Anindira mengusap-usap bahu Zara. "Kalau gitu, kamu udah melakukan hal yang terbaik dan tepat. Karena apa? Karena semakin kamu kenal sama diri sendiri, kamu jadi tahu mana yang harus kamu prioritaskan."

"And I'm so sorry for being annoying people in the past, aku bukannya cari tahu kenapa kamu nggak kunjung terima ajakan Abian malah sebaliknya, aku secara enggak langsung maksa kamu for forgive and accepting him," sambungnya.

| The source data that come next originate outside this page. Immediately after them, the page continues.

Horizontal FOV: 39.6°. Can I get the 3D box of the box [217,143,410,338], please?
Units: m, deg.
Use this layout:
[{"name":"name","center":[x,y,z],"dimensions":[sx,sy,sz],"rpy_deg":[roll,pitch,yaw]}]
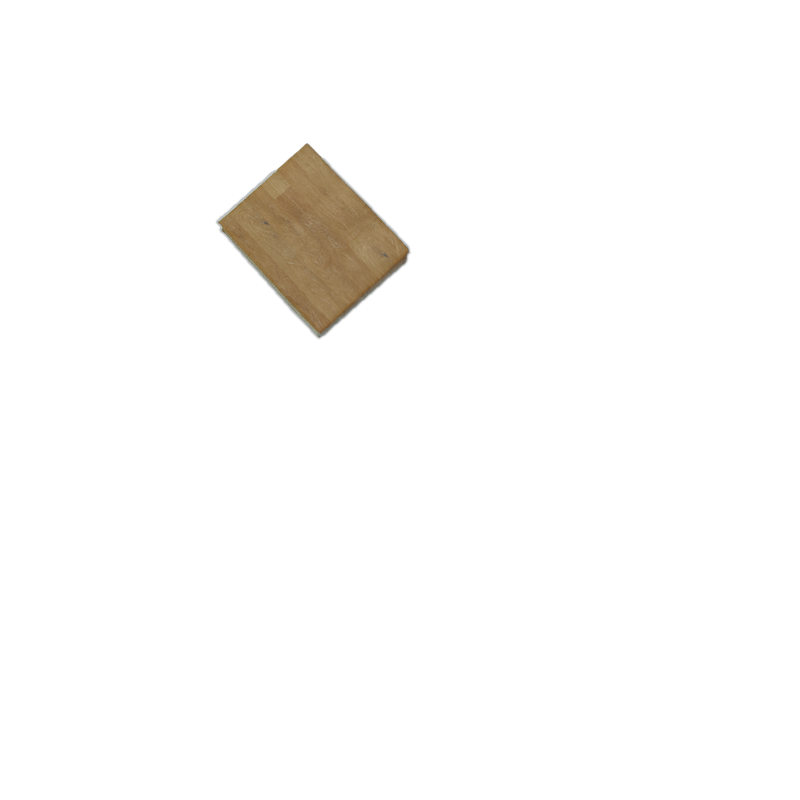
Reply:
[{"name":"box","center":[-0.063,-0.116,0.810],"dimensions":[0.090,0.117,0.038],"rpy_deg":[-42,-9,-9]}]

Zara memejamkan mata, menerima usapan lembut dari sahabatnya. Dirinya merasa lega setelah tercerahkan tentang keganjilan yang selama ini ia rasakan.

"It's okay, Nin. Kadang aku juga nyebelin banget ke kamu," ucap Zara, tersimpul manis.

Zara mengangkat jari telunjuknya, mengingatkan Anindira untuk mengantisipasi kejadian yang tidak mengenakkan. "Oh, anyway, jangan marahin atau negur Abian ya kalau kamu ketemu dia. Dia enggak punya salah apapun ke aku."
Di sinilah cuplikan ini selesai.